To actually start the deployment you run the following command

$ kubectl apply -f ./deployment.yaml

The selector in the deployment manifest is used to match the ReplicaSets created by the deployment. Make sure to keep this the same when redeploying, otherwise it will create a new ReplicaSet, without setting the replica count for all other ReplicaSets to 0.

Although the application listens to port 5000 and the service uses port 80, because it uses the name of the port — http — it will automatically NAT the port and hides this translation from the user of the service.

Deploy new version

When you want to deploy the next version update the image tag and version label in the manifest and re-run

$ kubectl apply -f ./deployment.yaml

It’s as simple as that. The deployment will then execute a rolling update replacing each pod with a new one 1 at a time. This usually takes less than half a minute when only 3 replicas are used.

The kubectl apply command will not wait for the deployment to finish, for that you have to jump through some hoops.

Currently we do that with something like below

deployment_json=$(kubectl get deployment/my-app -o json)
generation=$(echo $deployment_json | jq -r ".metadata.generation")
observedGeneration=0
desiredReplicas=$MIN_PODS
updatedReplicas=0
availableReplicas=0
while [ "$observedGeneration" -lt "$generation" ] || 
      [ "$updatedReplicas" -lt "$desiredReplicas" ] || 
      [ "$availableReplicas" -lt "$updatedReplicas" ]
do
  sleep 5s
  deployment_json=$(kubectl get deployment/my-app -o json)
 
  observedGeneration=$(echo $deployment_json | jq -r ".status.observedGeneration")
  if ! [[ "$observedGeneration" =~ ^[0–9]+$ ]]
  then
    observedGeneration=0
  fi
  desiredReplicas=$(echo $deployment_json | jq -r ".spec.replicas")
  if ! [[ "$desiredReplicas" =~ ^[0–9]+$ ]]
  then
    desiredReplicas=$MIN_PODS
  fi
  updatedReplicas=$(echo $deployment_json | jq -r ".status.updatedReplicas")
  if ! [[ "$updatedReplicas" =~ ^[0–9]+$ ]]
  then
    updatedReplicas=0
  fi
  availableReplicas=$(echo $deployment_json | jq -r ".status.availableReplicas")
  if ! [[ "$availableReplicas" =~ ^[0–9]+$ ]]
  then
    availableReplicas=0
  fi
done

In here you probably want to make sure you set an upper time limit to wait for the deployment to finish and if it takes to long roll back using the following command

$ kubectl rollout undo deployment/my-app --namespace my-namespace

Templating manifests

Bash doesn’t have a template engine, but a basic form of doing replacements in the manifest can be done in the following way. Use variable notation in your manifest and make sure to use the curly braces.

apiVersion: v1
kind: Namespace
metadata:
  name: ${NAMESPACE}

And run the following command to replace the variable in the manifest and create the namespace from the resulting manifest.

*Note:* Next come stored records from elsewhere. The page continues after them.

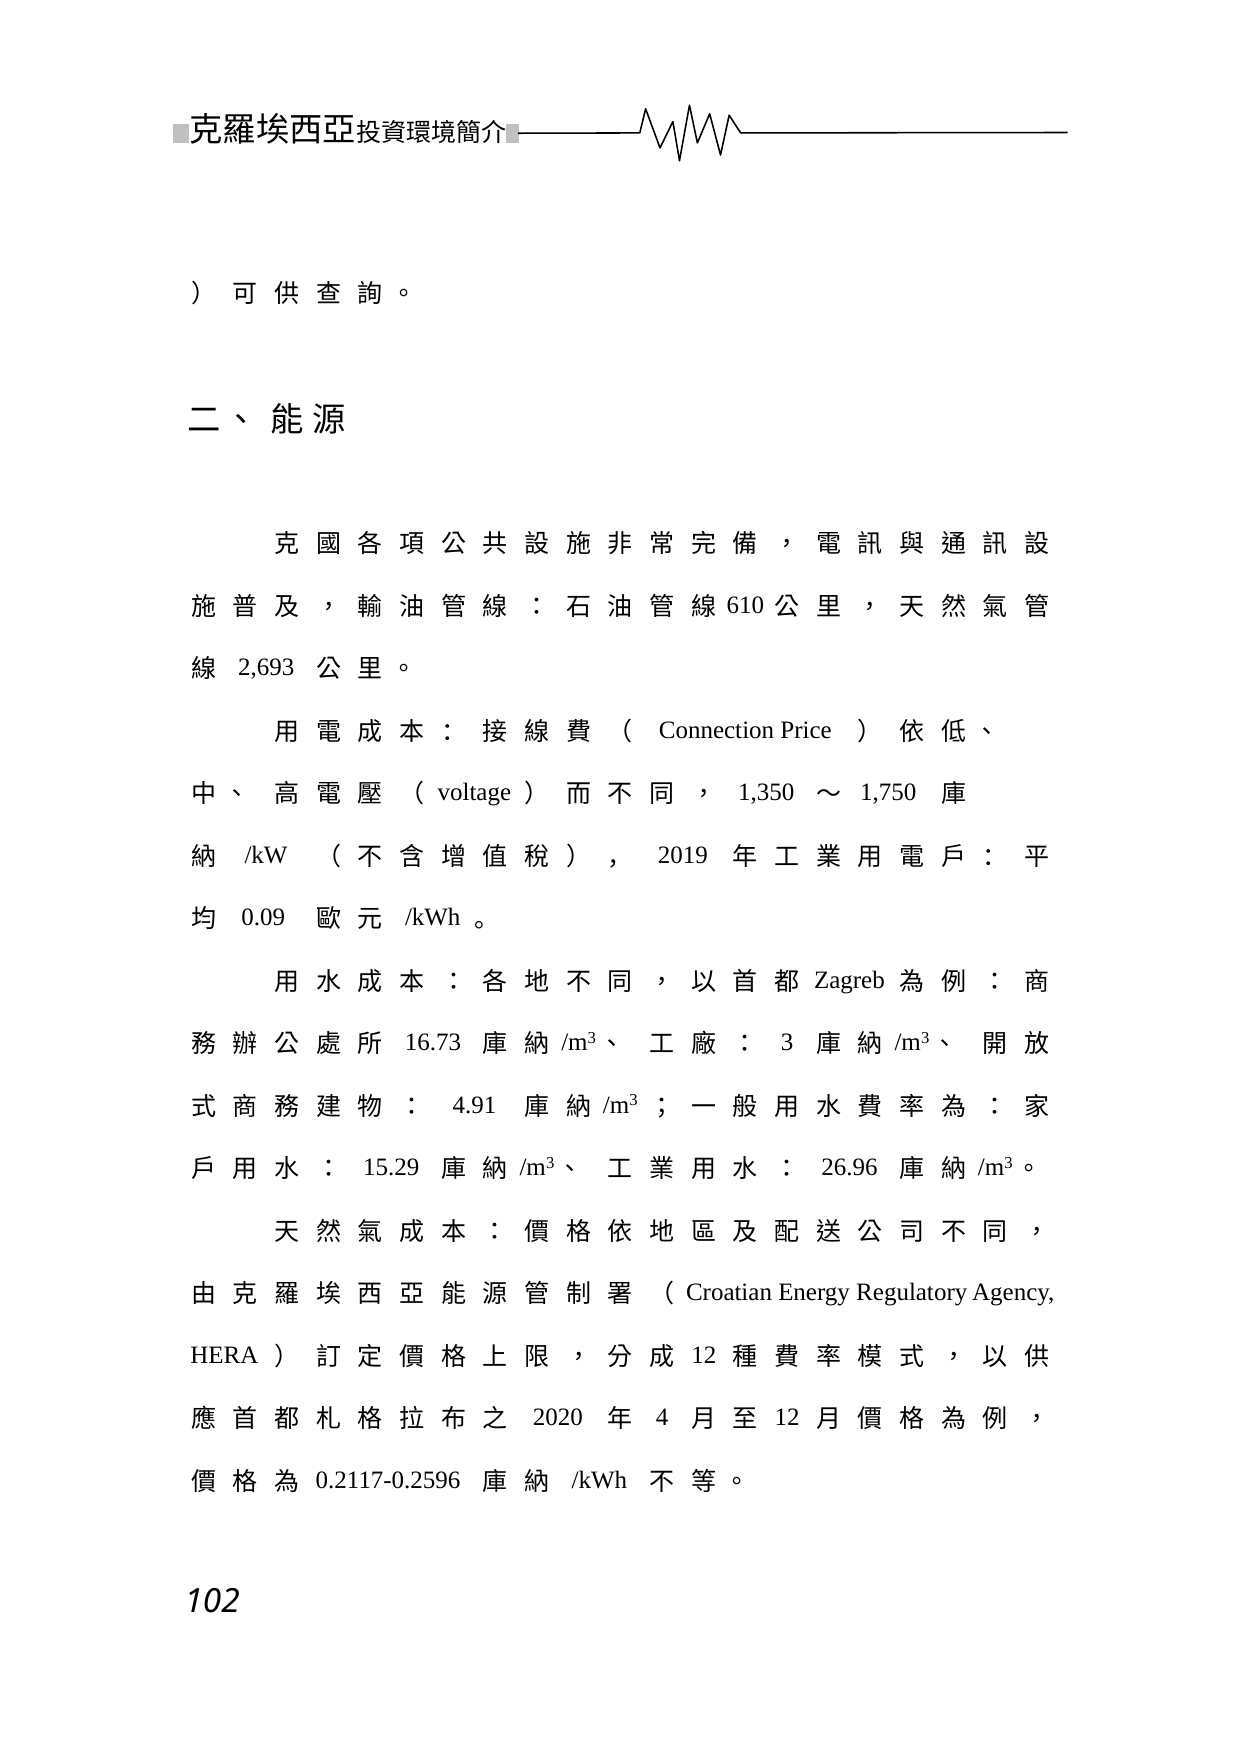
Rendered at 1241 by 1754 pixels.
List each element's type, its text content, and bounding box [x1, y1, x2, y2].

text ）可供查詢。 [183, 250, 1058, 313]
text 天然氣成本：價格依地區及配送公司不同，由克羅埃西亞能源管制署（Croatian Energy Regulatory Agency, HERA）訂定價格上限，分成12種費率模式，以供應首都札格拉布之2020年4月至12月價格為例，價格為0.2117-0.2596 庫納/kWh不等。 [183, 1188, 1058, 1500]
text 二、能源 [183, 375, 1058, 438]
text 用電成本：接線費（Connection Price）依低、中、高電壓（voltage）而不同，1,350～1,750 庫納/kW（不含增值稅），2019年工業用電戶：平均0.09 歐元/kWh。 [183, 688, 1058, 938]
text 用水成本：各地不同，以首都Zagreb為例：商務辦公處所16.73庫納/m3、工廠：3庫納/m3、開放式商務建物：4.91庫納/m3；一般用水費率為：家戶用水：15.29庫納/m3、工業用水：26.96庫納/m3。 [183, 938, 1058, 1188]
text 克國各項公共設施非常完備，電訊與通訊設施普及，輸油管線：石油管線610公里，天然氣管線2,693公里。 [183, 500, 1058, 688]

$ NAMESPACE="my-namespace" sed -r 's/^(.*)(\$\{[A-Z_]+\})/echo "\1\2"/e' ./namespace.yaml | kubectl apply -f -

Or if you have gettext installed use the shorter

$ cat ./namespace.yaml | NAMESPACE="my-namespace" envsubst | kubectl apply -f -

For all the objects we’ve used you can re-apply the same manifest and Kubernetes will create if it does not exists or update if it already does. So each time you deploy you can re-apply the namespace, service and deployment without any unwanted side-effects.

I hope this article shows you Kubernetes’ core concepts, how simple it is to run your application in Container Engine and gives you some ideas on how to automate the deployment in your deployment pipelines.